Although the company's credit measures and free cash flow generation are quite strong, owing to its low cost position, the ratings on Freeport continue to be constrained by the sovereign credit rating on the Republic of Indonesia, S&P said. Operating risks in Indonesia remain considerable.

Moody's rates Hanover Compressor liquidity SGL-3

Moody's Investors Service assigned an SGL-3 liquidity rating to Hanover Compressor.

Moody's said the SGL-3 rating reflects a mix of supporting and restraining factors. Liquidity is supported by expected firm-to-rising operating cash flow that appears to cover lease rental expense, interest expense, and capital spending (including significant growth capital) over the next 12 months and cash balances, cash flow, and modest announced asset sales indicate full internal coverage of negligible debt maturities plus the ability to reduce revolver outstandings by up to $40 million.

Liquidity is restrained by tight covenants in the existing bank revolver that could be breached and/or restrict access to undrawn availability by year-end 2003 when the amended covenants tighten to original levels and modest alternative liquidity from asset sales since all assets are pledged to the bank revolver and synthetic leases.

Moody's cuts Cable & Wireless, rates convertibles Ba3

Moody's Investors Service downgraded Cable & Wireless plc including cutting its £200 million 8.75 % eurobonds due 2012 and $400 million 6.5% eurobonds due 2003 to Ba3 from Ba1 and Cable & Wireless International Finance BV' £200 million 8.625% guaranteed eurobonds due 2019 to Ba3 from Ba1. Moody's assigned a Ba3 rating to its £258 million convertible notes due 2010. The outlook is negative.

Moody's said the downgrade reflects heightened concerns with respect to C&W's potential restructuring costs in light of the now increased scope of restructuring initiatives (full exit of the U.S. global business versus the partial exit previously contemplated) and uncertainty regarding ultimate exit costs; increased execution risks associated with the company's restructuring plan; continued uncertainty with respect to the ultimate effect of the proposed restructuring on C&W's continuing businesses and the overall prospects of C&W's remaining operations (specifically the continuing global operations - U.K., Japan and Continental Europe - which also experienced some difficulties last year); and a sizable FRS 17 pension deficit (£578 million at March 31, 2003, £494 million in the U.K.) which could result in a steady increase in pension costs going forward.

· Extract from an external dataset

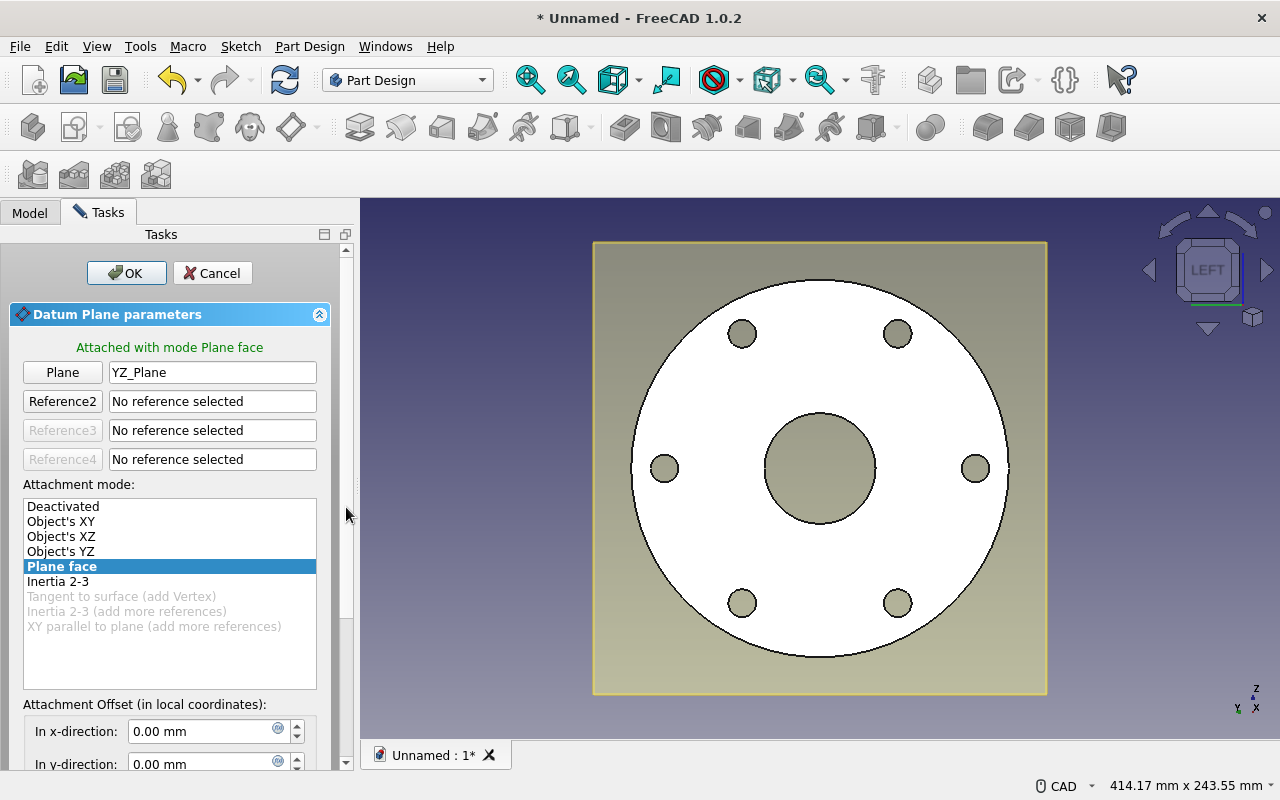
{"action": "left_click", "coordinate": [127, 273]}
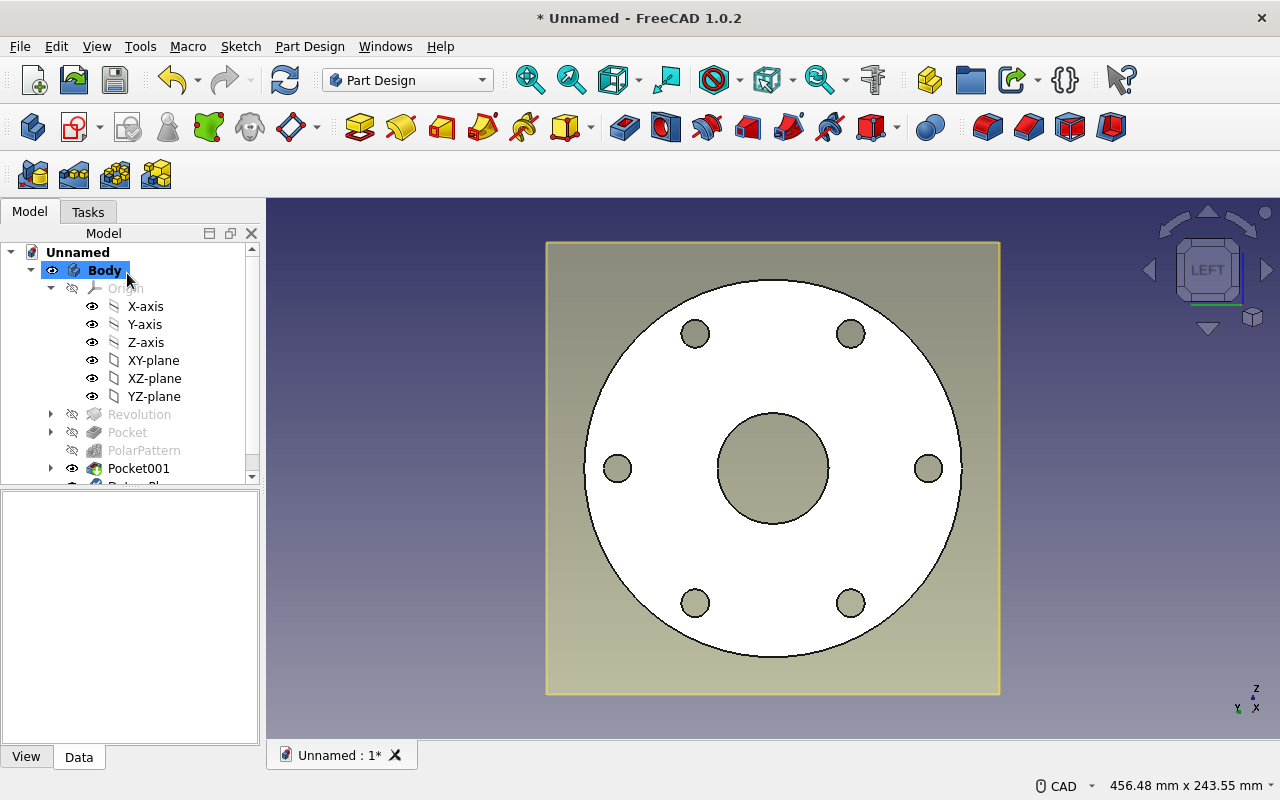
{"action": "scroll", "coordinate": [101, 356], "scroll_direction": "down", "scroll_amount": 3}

Although operating cash flow relative to gross debt and gross lease adjusted debt levels remain weak, the ratings continue to positively reflect C&W's large cash balance and ample liquidity position and the solid cash flow generation of the company's national operations, Moody's added. The ratings also positively consider management's strong focus on containing costs and increasing cash flow as well as the substantial improvement in on-going profitability that should ultimately result from the U.S. exit.